Your response should contain only the lines running from the top of the data below through the line with "from ezdxf.math import Vec2, Vec3", both included. Pictures must be omitted.
################
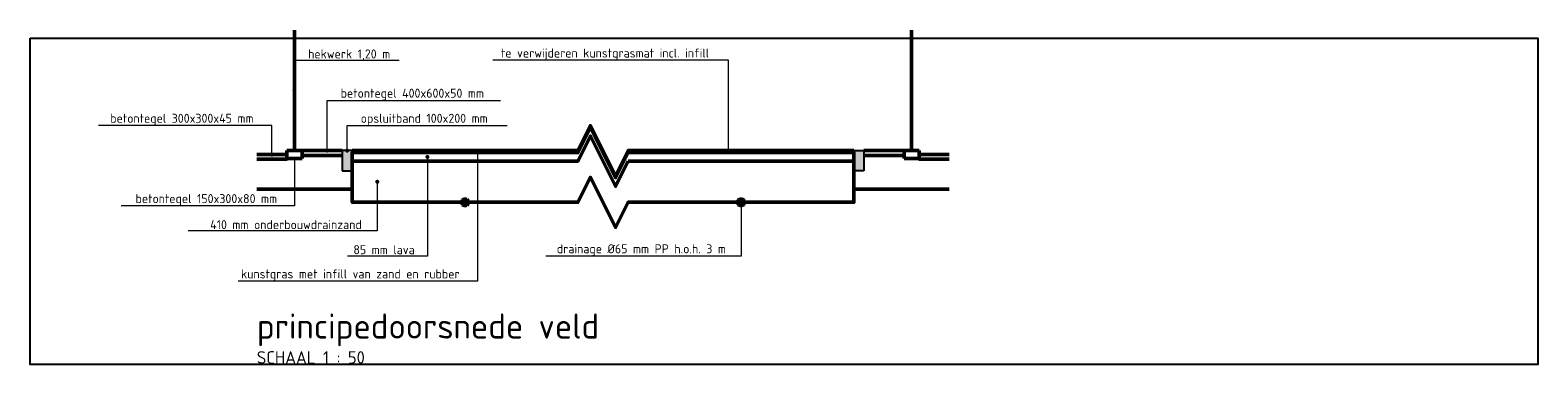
# Model space of a CAD drawing. Header units: metres. Extents: x 102885 to 117710, y 477477 to 480770.
# Tile 6 of 7: x 105256.04 to 105271.06, y 480405.07 to 480408.47. Entities that reach past the tile are written whole.
import ezdxf
from ezdxf import colors
from ezdxf.entities.mleader import LeaderData, LeaderLine
from ezdxf.math import Vec2, Vec3

# ---------------------------------------------------------------- set-up
doc = ezdxf.new("R2010")
doc.units = ezdxf.units.M
doc.header["$LTSCALE"] = 0.5
doc.linetypes.add('RI-DRAINAGE', pattern=[19.2, 6, -1.8, 1.8, -1.8, 2.4, -1.8, 1.8, -1.8])
for name, color, linetype, lineweight in [('N-WE-GW-GROND_ZAND_DRAINEERZAND-GD', 7, 'Continuous', 50), ('N-WE-IE-TERREINAFSCHEIDING_KUNSTMATIG_HEKWERK-GD', 20, 'IE-TERREINAFSCHEIDING-KUNSTMATIG', 50), ('N-WE-RI-DRAINAGE-GD', 90, 'RI-DRAINAGE', 50), ('N-WE-VH-KANTOPSLUITING_OPSLUITBAND-SD', 150, 'Continuous', 25), ('N-WE-VH-VERHARDING_FUNDERING-GD', 7, 'Continuous', 50), ('N-WE-VH-VERHARDING_TEGEL-GD', 252, 'Continuous', 50), ('N1-WE-GR-SPORTVELD_KUNSTGRAS-GD', 90, 'Continuous', 50), ('X-XX-AL-T18', 10, 'Continuous', 18), ('X-XX-AL-VERWIJZING-S', 7, 'Continuous', 25), ('X1-XX-AL-T18', 10, 'Continuous', 18)]:
    doc.layers.add(name, color=color, linetype=linetype, lineweight=lineweight)
doc.layers.add('X-XX-AL-HULPLIJN-GD', color=7, linetype='Continuous', lineweight=25, plot=False)
doc.styles.add('NLCS-ISO', font='NLCS-ISO.ttf')
doc.styles.add('NLCS-ISO-M50-T18', font='NLCS-ISO.ttf', dxfattribs={"height": 0.09})
doc.linetypes.add('IE-TERREINAFSCHEIDING-KUNSTMATIG', pattern='A,4,[82,NLCS.shx,S=0.75,R=90,X=0,Y=0],4,-2', length=10)

# ---------------------------------------------------------------- blocks, each defined once
blk = doc.blocks.new('N-SVH-KANTOPSLUITING_OPSLUITBAND_100X200-D')
blk.add_hatch(color=8).paths.add_polyline_path([(-0.1, -0.2), (0, -0.2), (0, 0), (-0.1, 0)])
at = {"flags": 128}
blk.add_lwpolyline([(-0.1, -0.2), (0, -0.2), (0, 0), (-0.1, 0)], close=True, dxfattribs=at)
blk = doc.blocks.new('_Dot')
at = {"color": 0, "linetype": 'ByBlock', "lineweight": -2}
blk.add_line((-0.5, 0), (-1, 0), dxfattribs=at)
at = {"color": 0, "linetype": 'ByBlock', "const_width": 0.5}
blk.add_lwpolyline([(-0.25, 0, 1), (0.25, 0, 1)], format="xyb", close=True, dxfattribs=at)
blk = doc.blocks.new('SAL-VERWIJZING_ONDERSCHRIFT-SO')
at = {"linetype": 'Continuous', "style": 'NLCS-ISO'}
blk.add_text('SCHAAL 1 :', height=2.5, dxfattribs=at).set_placement((0, -3.75))
at = {"style": 'NLCS-ISO'}
for tag, p, height in [('OMSCHRIJVING', (0, 1.25), 5), ('SCHAAL', (18.15, -3.75), 2.5)]:
    blk.add_attdef(tag, p, '', height=height, dxfattribs=at)

msp = doc.modelspace()

# ---------------------------------------------------------------- linework, layer by layer
at = {"layer": 'N-WE-GW-GROND_ZAND_DRAINEERZAND-GD', "flags": 128}
msp.add_lwpolyline([(105261.998, 480407.167), (105261.873, 480406.917), (105261.623, 480407.417), (105261.498, 480407.167), (105259.248, 480407.167), (105259.248, 480406.757), (105261.498, 480406.757), (105261.623, 480407.007), (105261.873, 480406.507), (105261.998, 480406.757), (105264.248, 480406.757), (105264.248, 480407.167)], close=True, dxfattribs=at)
for points in [[(105258.298, 480406.887), (105259.248, 480406.887)], [(105264.248, 480406.887), (105265.198, 480406.887)]]:
    msp.add_lwpolyline(points, dxfattribs=at)
at = {"layer": 'N-WE-IE-TERREINAFSCHEIDING_KUNSTMATIG_HEKWERK-GD', "flags": 128}
for points in [[(105258.673, 480407.272), (105258.673, 480408.472)], [(105264.823, 480407.272), (105264.823, 480408.472)]]:
    msp.add_lwpolyline(points, dxfattribs=at)
at = {"layer": 'N-WE-RI-DRAINAGE-GD'}
for centre in [(105260.373, 480406.757), (105263.123, 480406.757)]:
    msp.add_circle(centre, 0.0325, dxfattribs=at)
at = {"layer": 'N-WE-VH-VERHARDING_FUNDERING-GD', "flags": 128}
msp.add_lwpolyline([(105259.248, 480407.167), (105259.248, 480407.252), (105261.498, 480407.252), (105261.623, 480407.502), (105261.873, 480407.002), (105261.998, 480407.252), (105264.248, 480407.252), (105264.248, 480407.167)], dxfattribs=at)
at = {"layer": 'N-WE-VH-VERHARDING_TEGEL-GD', "flags": 128}
for points in [[(105258.748, 480407.272), (105258.598, 480407.272)], [(105258.598, 480407.272), (105258.598, 480407.192)], [(105259.148, 480407.272), (105258.748, 480407.272)], [(105258.748, 480407.272), (105258.748, 480407.192)], [(105264.348, 480407.272), (105264.748, 480407.272)], [(105264.748, 480407.272), (105264.748, 480407.192)], [(105264.748, 480407.272), (105264.898, 480407.272)], [(105264.898, 480407.272), (105264.898, 480407.192)], [(105258.598, 480407.232), (105258.298, 480407.232)], [(105258.598, 480407.192), (105258.598, 480407.187), (105258.298, 480407.187)], [(105258.748, 480407.192), (105258.598, 480407.192)], [(105259.148, 480407.222), (105258.748, 480407.222)], [(105264.348, 480407.222), (105264.748, 480407.222)], [(105264.748, 480407.192), (105264.898, 480407.192)], [(105264.898, 480407.232), (105265.198, 480407.232)], [(105264.898, 480407.192), (105264.898, 480407.187), (105265.198, 480407.187)]]:
    msp.add_lwpolyline(points, dxfattribs=at)
at = {"layer": 'N1-WE-GR-SPORTVELD_KUNSTGRAS-GD', "flags": 128}
msp.add_lwpolyline([(105259.248, 480407.272), (105261.498, 480407.272), (105261.623, 480407.522), (105261.873, 480407.022), (105261.998, 480407.272), (105264.248, 480407.272)], dxfattribs=at)
at = {"layer": 'X-XX-AL-HULPLIJN-GD'}
msp.add_lwpolyline([(105256.039, 480408.393), (105271.064, 480408.393), (105271.064, 480405.143), (105256.039, 480405.143)], close=True, dxfattribs=at)

# ---------------------------------------------------------------- block references
at = {"layer": 'N-WE-VH-KANTOPSLUITING_OPSLUITBAND-SD'}
msp.add_blockref('N-SVH-KANTOPSLUITING_OPSLUITBAND_100X200-D', (105259.248, 480407.272), dxfattribs=at)
at = {"layer": 'N-WE-VH-KANTOPSLUITING_OPSLUITBAND-SD', "xscale": -1}
msp.add_blockref('N-SVH-KANTOPSLUITING_OPSLUITBAND_100X200-D', (105264.248, 480407.272), dxfattribs=at)
at = {"layer": 'X-XX-AL-VERWIJZING-S', "xscale": 0.05, "yscale": 0.05, "zscale": 0.05}
msp.add_blockref('SAL-VERWIJZING_ONDERSCHRIFT-SO', (105258.298, 480405.337), dxfattribs=at).add_auto_attribs({'OMSCHRIJVING': 'principedoorsnede veld', 'SCHAAL': '50'})

# ---------------------------------------------------------------- leaders
at = {"layer": 'X-XX-AL-T18'}
ml = msp.add_multileader_mtext('Standard', dxfattribs=at)
ml.set_content('hekwerk 1,20 m', color=256, style='NLCS-ISO-M50-T18')
ml.set_leader_properties(color=256, linetype='ByLayer', lineweight=-1)
ml.set_arrow_properties(name='DOT')
ml.build(insert=Vec2(0, 0))
ml.multileader.update_dxf_attribs({"text_left_attachment_type": 5, "text_right_attachment_type": 5, "dogleg_length": 0.09, "arrow_head_size": 0.04})
ctx = ml.context
ctx.base_point, ctx.char_height, ctx.arrow_head_size, ctx.landing_gap_size, ctx.plane_origin = Vec3(105258.763, 480408.172), 0.09, 0.04, 0.045, Vec3(105258.673, 480407.422)
ctx.left_attachment, ctx.right_attachment = 5, 5
notes = []
notes.append((ctx, [(0, (1, 1, 0), (105258.673, 480408.172), (1, 0), 0.09, [(0, [(105258.673, 480407.872)], 0, [])])]))
ctx.mtext.insert, ctx.mtext.flow_direction = Vec3(105258.808, 480408.28), 5
ml = msp.add_multileader_mtext('Standard', dxfattribs=at)
ml.set_content('betontegel 400x600x50 mm', color=256, style='NLCS-ISO-M50-T18')
ml.set_leader_properties(color=256, linetype='ByLayer', lineweight=-1)
ml.set_arrow_properties(name='DOT')
ml.build(insert=Vec2(0, 0))
ml.multileader.update_dxf_attribs({"text_left_attachment_type": 5, "text_right_attachment_type": 5, "dogleg_length": 0.09, "arrow_head_size": 0.04})
ctx = ml.context
ctx.base_point, ctx.char_height, ctx.arrow_head_size, ctx.landing_gap_size, ctx.plane_origin = Vec3(105259.088, 480407.772), 0.09, 0.04, 0.045, Vec3(105258.998, 480407.272)
ctx.left_attachment, ctx.right_attachment = 5, 5
notes.append((ctx, [(0, (1, 1, 0), (105258.998, 480407.772), (1, 0), 0.09, [(0, [(105258.998, 480407.272)], 0, [])])]))
ctx.mtext.insert, ctx.mtext.flow_direction = Vec3(105259.133, 480407.889), 5
ml = msp.add_multileader_mtext('Standard', dxfattribs=at)
ml.set_content('betontegel 300x300x45 mm', color=256, style='NLCS-ISO-M50-T18')
ml.set_leader_properties(color=256, linetype='ByLayer', lineweight=-1)
ml.set_arrow_properties(name='DOT')
ml.build(insert=Vec2(0, 0))
ml.multileader.update_dxf_attribs({"text_left_attachment_type": 5, "text_right_attachment_type": 5, "dogleg_length": 0.09, "arrow_head_size": 0.04})
ctx = ml.context
ctx.base_point, ctx.char_height, ctx.arrow_head_size, ctx.landing_gap_size, ctx.plane_origin = Vec3(105256.792, 480407.522), 0.09, 0.04, 0.045, Vec3(105258.448, 480407.272)
ctx.left_attachment, ctx.right_attachment = 5, 5
notes.append((ctx, [(0, (1, 1, 0), (105258.448, 480407.522), (-1, 0), 0.09, [(0, [(105258.448, 480407.232)], 0, [])])]))
ctx.mtext.insert, ctx.mtext.flow_direction = Vec3(105256.837, 480407.639), 5
ml = msp.add_multileader_mtext('Standard', dxfattribs=at)
ml.set_content('opsluitband 100x200 mm', color=256, style='NLCS-ISO-M50-T18')
ml.set_leader_properties(color=256, linetype='ByLayer', lineweight=-1)
ml.set_arrow_properties(name='DOT')
ml.build(insert=Vec2(0, 0))
ml.multileader.update_dxf_attribs({"text_left_attachment_type": 5, "text_right_attachment_type": 5, "dogleg_length": 0.09, "arrow_head_size": 0.04})
ctx = ml.context
ctx.base_point, ctx.char_height, ctx.arrow_head_size, ctx.landing_gap_size, ctx.plane_origin = Vec3(105259.288, 480407.522), 0.09, 0.04, 0.045, Vec3(105259.198, 480407.272)
ctx.left_attachment, ctx.right_attachment = 5, 5
notes.append((ctx, [(0, (1, 1, 0), (105259.198, 480407.522), (1, 0), 0.09, [(0, [(105259.198, 480407.272)], 0, [])])]))
ctx.mtext.insert, ctx.mtext.flow_direction = Vec3(105259.333, 480407.639), 5
ml = msp.add_multileader_mtext('Standard', dxfattribs=at)
ml.set_content('kunstgras met infill van zand en rubber', color=256, style='NLCS-ISO-M50-T18')
ml.set_leader_properties(color=256, linetype='ByLayer', lineweight=-1)
ml.set_arrow_properties(name='DOT')
ml.build(insert=Vec2(0, 0))
ml.multileader.update_dxf_attribs({"text_left_attachment_type": 5, "text_right_attachment_type": 5, "dogleg_length": 0.09, "arrow_head_size": 0.04})
ctx = ml.context
ctx.base_point, ctx.char_height, ctx.arrow_head_size, ctx.landing_gap_size, ctx.plane_origin = Vec3(105258.095, 480405.972), 0.09, 0.04, 0.045, Vec3(105260.498, 480407.022)
ctx.left_attachment, ctx.right_attachment = 5, 5
notes.append((ctx, [(0, (1, 1, 0), (105260.498, 480405.972), (-1, 0), 0.09, [(0, [(105260.498, 480407.262)], 0, [])])]))
ctx.mtext.insert, ctx.mtext.flow_direction = Vec3(105258.14, 480406.089), 5
ml = msp.add_multileader_mtext('Standard', dxfattribs=at)
ml.set_content('betontegel 150x300x80 mm', color=256, style='NLCS-ISO-M50-T18')
ml.set_leader_properties(color=256, linetype='ByLayer', lineweight=-1)
ml.set_arrow_properties(name='DOT')
ml.build(insert=Vec2(0, 0))
ml.multileader.update_dxf_attribs({"text_left_attachment_type": 5, "text_right_attachment_type": 5, "dogleg_length": 0.09, "arrow_head_size": 0.04})
ctx = ml.context
ctx.base_point, ctx.char_height, ctx.arrow_head_size, ctx.landing_gap_size, ctx.plane_origin = Vec3(105257.044, 480406.722), 0.09, 0.04, 0.045, Vec3(105258.673, 480407.272)
ctx.left_attachment, ctx.right_attachment = 5, 5
notes.append((ctx, [(0, (1, 1, 0), (105258.673, 480406.722), (-1, 0), 0.09, [(0, [(105258.673, 480407.192)], 0, [])])]))
ctx.mtext.insert, ctx.mtext.flow_direction = Vec3(105257.089, 480406.839), 5
ml = msp.add_multileader_mtext('Standard', dxfattribs=at)
ml.set_content('85 mm lava', color=256, style='NLCS-ISO-M50-T18')
ml.set_leader_properties(color=256, linetype='ByLayer', lineweight=-1)
ml.set_arrow_properties(name='DOT')
ml.build(insert=Vec2(0, 0))
ml.multileader.update_dxf_attribs({"text_left_attachment_type": 5, "text_right_attachment_type": 5, "dogleg_length": 0.09, "arrow_head_size": 0.04})
ctx = ml.context
ctx.base_point, ctx.char_height, ctx.arrow_head_size, ctx.landing_gap_size, ctx.plane_origin = Vec3(105259.215, 480406.222), 0.09, 0.04, 0.045, Vec3(105259.998, 480407.022)
ctx.left_attachment, ctx.right_attachment = 5, 5
notes.append((ctx, [(0, (1, 1, 0), (105259.998, 480406.222), (-1, 0), 0.09, [(0, [(105259.998, 480407.209)], 0, [])])]))
ctx.mtext.insert, ctx.mtext.flow_direction = Vec3(105259.26, 480406.33), 5
ml = msp.add_multileader_mtext('Standard', dxfattribs=at)
ml.set_content('410 mm onderbouwdrainzand', color=256, style='NLCS-ISO-M50-T18')
ml.set_leader_properties(color=256, linetype='ByLayer', lineweight=-1)
ml.set_arrow_properties(name='DOT')
ml.build(insert=Vec2(0, 0))
ml.multileader.update_dxf_attribs({"text_left_attachment_type": 5, "text_right_attachment_type": 5, "dogleg_length": 0.09, "arrow_head_size": 0.04})
ctx = ml.context
ctx.base_point, ctx.char_height, ctx.arrow_head_size, ctx.landing_gap_size, ctx.plane_origin = Vec3(105257.788, 480406.472), 0.09, 0.04, 0.045, Vec3(105259.498, 480407.272)
ctx.left_attachment, ctx.right_attachment = 5, 5
notes.append((ctx, [(0, (1, 1, 0), (105259.498, 480406.472), (-1, 0), 0.09, [(0, [(105259.498, 480406.962)], 0, [])])]))
ctx.mtext.insert, ctx.mtext.flow_direction = Vec3(105257.833, 480406.58), 5
ml = msp.add_multileader_mtext('Standard', dxfattribs=at)
ml.set_content('drainage Ø65 mm PP h.o.h. 3 m', color=256, style='NLCS-ISO-M50-T18')
ml.set_leader_properties(color=256, linetype='ByLayer', lineweight=-1)
ml.set_arrow_properties(name='DOT')
ml.build(insert=Vec2(0, 0))
ml.multileader.update_dxf_attribs({"text_left_attachment_type": 5, "text_right_attachment_type": 5, "dogleg_length": 0.09, "arrow_head_size": 0.04})
ctx = ml.context
ctx.base_point, ctx.char_height, ctx.arrow_head_size, ctx.landing_gap_size, ctx.plane_origin = Vec3(105261.242, 480406.222), 0.09, 0.04, 0.045, Vec3(105263.123, 480407.022)
ctx.left_attachment, ctx.right_attachment = 5, 5
notes.append((ctx, [(0, (1, 1, 0), (105263.123, 480406.222), (-1, 0), 0.09, [(0, [(105263.123, 480406.757)], 0, [])])]))
ctx.mtext.insert, ctx.mtext.flow_direction = Vec3(105261.287, 480406.339), 5
at = {"layer": 'X1-XX-AL-T18'}
ml = msp.add_multileader_mtext('Standard', dxfattribs=at)
ml.set_content('te verwijderen kunstgrasmat incl. infill', color=256, style='NLCS-ISO-M50-T18')
ml.set_leader_properties(color=256, linetype='ByLayer', lineweight=-1)
ml.set_arrow_properties(name='DOT')
ml.build(insert=Vec2(0, 0))
ml.multileader.update_dxf_attribs({"text_left_attachment_type": 5, "text_right_attachment_type": 5, "dogleg_length": 0.09, "arrow_head_size": 0.04})
ctx = ml.context
ctx.base_point, ctx.char_height, ctx.arrow_head_size, ctx.landing_gap_size, ctx.plane_origin = Vec3(105260.685, 480408.172), 0.09, 0.04, 0.045, Vec3(105262.998, 480407.272)
ctx.left_attachment, ctx.right_attachment = 5, 5
notes.append((ctx, [(0, (1, 1, 0), (105262.998, 480408.172), (-1, 0), 0.09, [(0, [(105262.998, 480407.272)], 0, [])])]))
ctx.mtext.insert, ctx.mtext.flow_direction = Vec3(105260.73, 480408.289), 5
for ctx, leaders in notes:
    for number, flags, end, landing, length, lines in leaders:
        leader = LeaderData()
        leader.index, (leader.has_last_leader_line, leader.has_dogleg_vector, leader.attachment_direction) = number, flags
        leader.last_leader_point, leader.dogleg_vector, leader.dogleg_length = Vec3(end), Vec3(landing), length
        for number, points, colour, breaks in lines:
            line = LeaderLine()
            line.index, line.vertices, line.color, line.breaks = number, Vec3.list(points), colors.encode_raw_color(colour), breaks
            leader.lines.append(line)
        ctx.leaders.append(leader)

doc.saveas('drawing.dxf')
################
» **ANSWER SPACE**
# Model space of a CAD drawing. Header units: metres. Extents: x 102885 to 117710, y 477477 to 480770.
# Tile 6 of 7: x 105256.04 to 105271.06, y 480405.07 to 480408.47. Entities that reach past the tile are written whole.
import ezdxf
from ezdxf import colors
from ezdxf.entities.mleader import LeaderData, LeaderLine
from ezdxf.math import Vec2, Vec3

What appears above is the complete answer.